Work item: Take the lines below between the one holding "picture [41, 47, 231, 172]" and the one holding "text De voorzieningenrechter", inclusive, and copy them exactly. Add nothing.

================

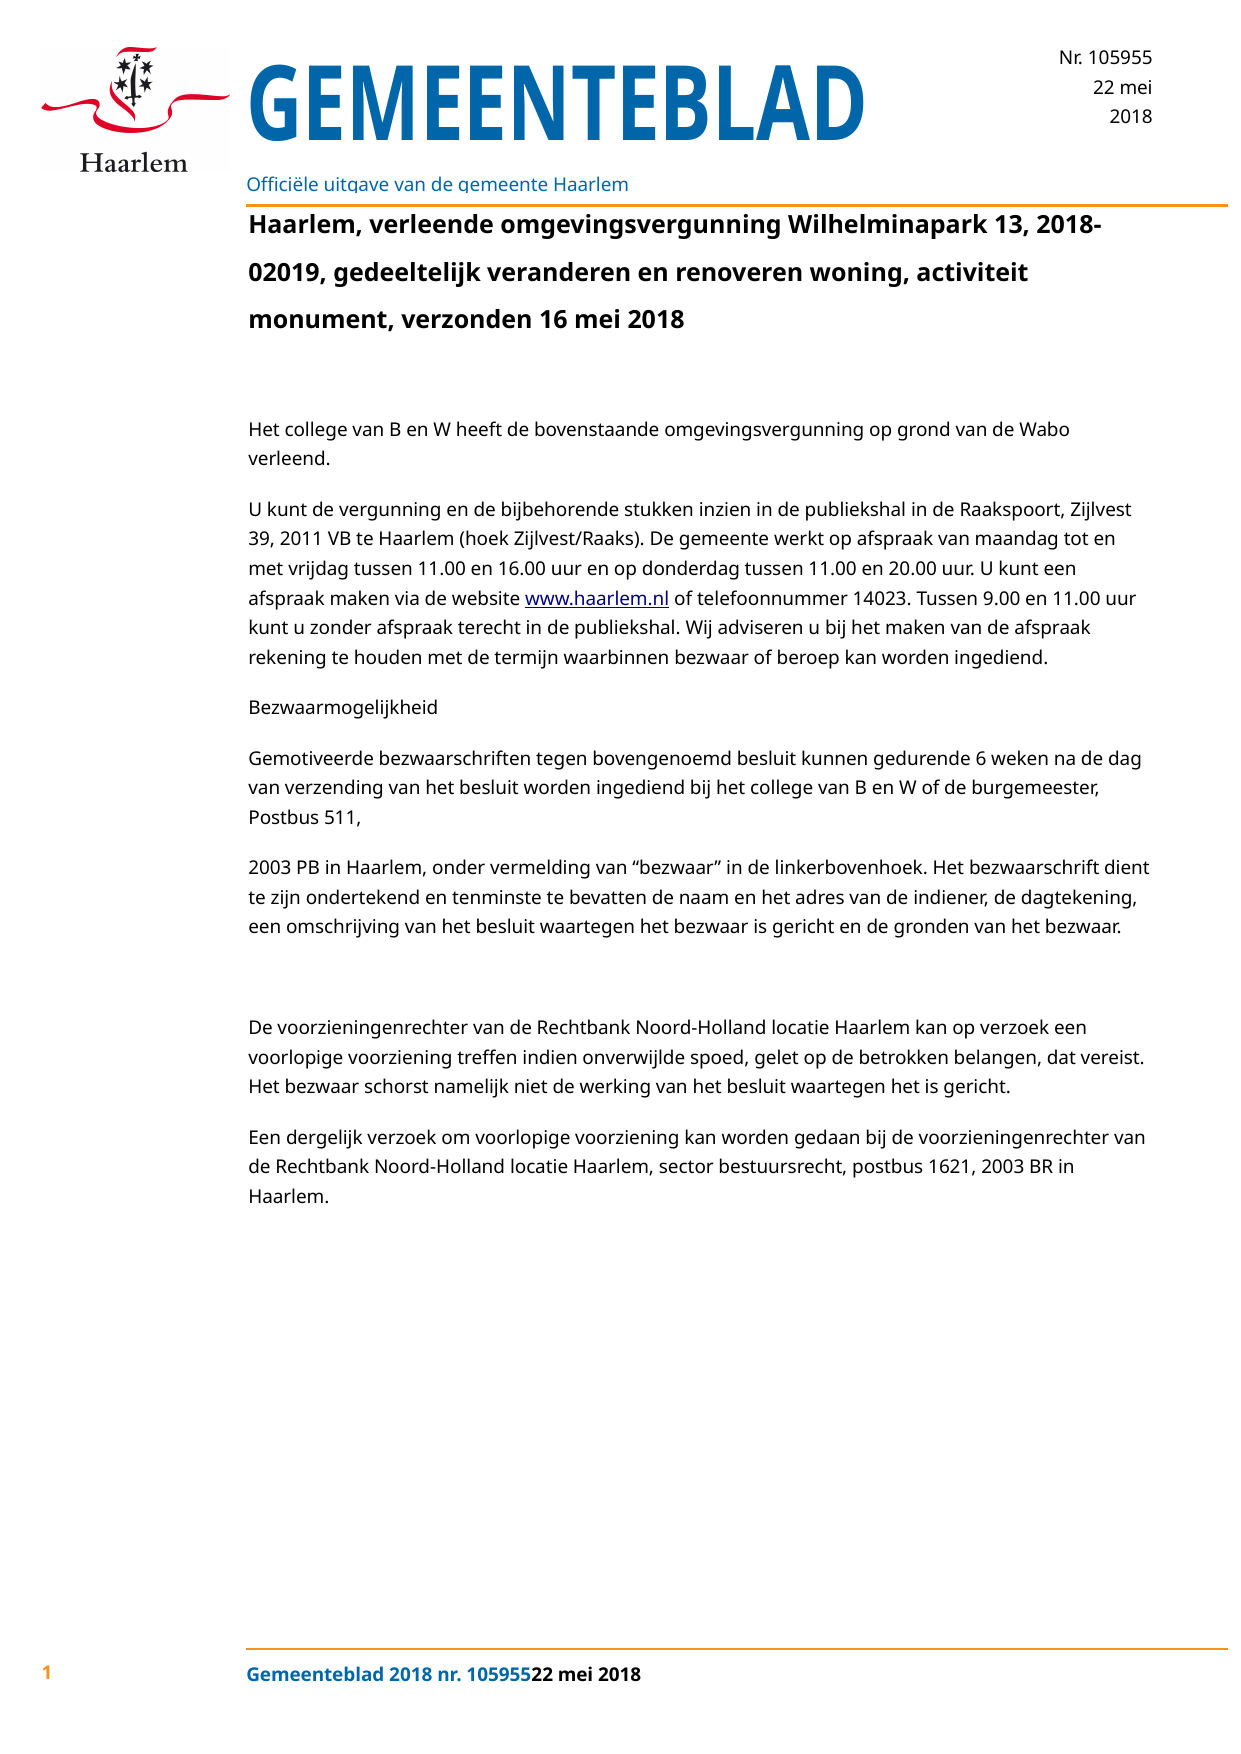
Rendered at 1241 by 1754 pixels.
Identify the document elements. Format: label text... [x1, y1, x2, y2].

text Haarlem, verleende omgevingsvergunning Wilhelminapark 13, 2018-02019, gedeeltelijk veranderen en renoveren woning, activiteit monument, verzonden 16 mei 2018 [248, 207, 1152, 336]
text Bezwaarmogelijkheid [248, 694, 1152, 720]
text Het college van B en W heeft de bovenstaande omgevingsvergunning op grond van de Wabo verleend. [248, 416, 1152, 471]
picture [41, 47, 231, 172]
text De voorzieningenrechter van de Rechtbank Noord-Holland locatie Haarlem kan op verzoek een voorlopige voorziening treffen indien onverwijlde spoed, gelet op de betrokken belangen, dat vereist. Het bezwaar schorst namelijk niet de werking van het besluit waartegen het is gericht. [248, 1014, 1152, 1099]
text 2003 PB in Haarlem, onder vermelding van “bezwaar” in de linkerbovenhoek. Het bezwaarschrift dient te zijn ondertekend en tenminste te bevatten de naam en het adres van de indiener, de dagtekening, een omschrijving van het besluit waartegen het bezwaar is gericht en de gronden van het bezwaar. [248, 854, 1152, 939]
text Gemotiveerde bezwaarschriften tegen bovengenoemd besluit kunnen gedurende 6 weken na de dag van verzending van het besluit worden ingediend bij het college van B en W of de burgemeester, Postbus 511, [248, 745, 1152, 829]
text U kunt de vergunning en de bijbehorende stukken inzien in de publiekshal in de Raakspoort, Zijlvest 39, 2011 VB te Haarlem (hoek Zijlvest/Raaks). De gemeente werkt op afspraak van maandag tot en met vrijdag tussen 11.00 en 16.00 uur en op donderdag tussen 11.00 en 20.00 uur. U kunt een afspraak maken via de website www.haarlem.nl of telefoonnummer 14023. Tussen 9.00 en 11.00 uur kunt u zonder afspraak terecht in de publiekshal. Wij adviseren u bij het maken van de afspraak rekening te houden met de termijn waarbinnen bezwaar of beroep kan worden ingediend. [248, 496, 1152, 669]
text Een dergelijk verzoek om voorlopige voorziening kan worden gedaan bij de voorzieningenrechter van de Rechtbank Noord-Holland locatie Haarlem, sector bestuursrecht, postbus 1621, 2003 BR in Haarlem. [248, 1124, 1152, 1209]

================

Task result:
picture [41, 47, 231, 172]
text De voorzieningenrechter van de Rechtbank Noord-Holland locatie Haarlem kan op verzoek een voorlopige voorziening treffen indien onverwijlde spoed, gelet op de betrokken belangen, dat vereist. Het bezwaar schorst namelijk niet de werking van het besluit waartegen het is gericht. [248, 1014, 1152, 1099]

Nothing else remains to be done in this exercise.